Now, this isn’t properly a bug, since the PDF export routines do generate valid PDFs, but it is certainly a misfeature that those PDFs might have nearly 40% duplicate objects, and have such a structure that an optimiser can slash the size of the file to slightly under a quarter simply by discardinig duplicate objects (and possibly compressing some streams with DEFLATE).

So my question is, what is the procedure to request an improvement to the PDF generation so that the library which LO uses may try to consolidate objects to get its output to a sane size?

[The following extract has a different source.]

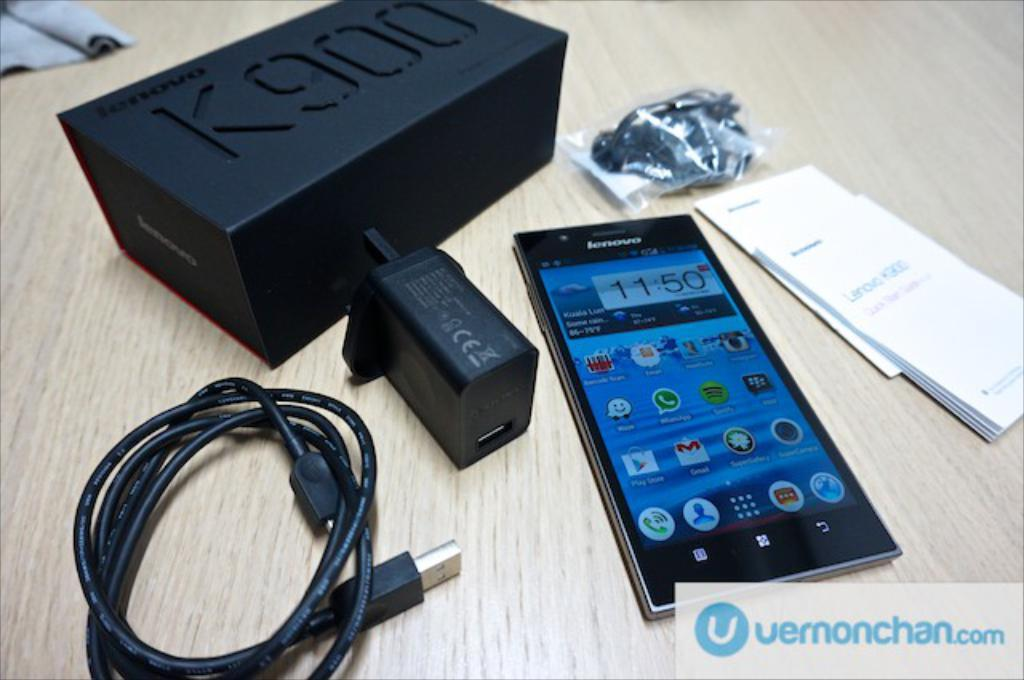<image>
Write a terse but informative summary of the picture. A Lenovo phone with the time showing 11:50

Wanderer · September 5, 2023, 5:48am

I will just cite:
Feature requests should go directly to Bugzilla as Enhancements

Bugs should be submitted directly to Bugzilla

https://bugs.documentfoundation.org/enter_bug.cgi?product=LibreOffice&bug_status=UNCONFIRMED&bug_severity=enhancement

Cited from the instructions for this site:

One additional hint: Bug reports work much better, if you provide an example file. I know you told your file can not be shared. Can you replace confidental text/data by something else? And do you know wich object is repeated so often in the document? (It may even be a side-effect of the conversion from a word-file…)

mariosv · September 5, 2023, 11:49am

Please take a look in Bug 157028 - FILESAVE PDF Tagged PDF export makes file size grow significantly

wtrmute · September 5, 2023, 5:14pm

Thank you, this seems to be the bug I should be looking for.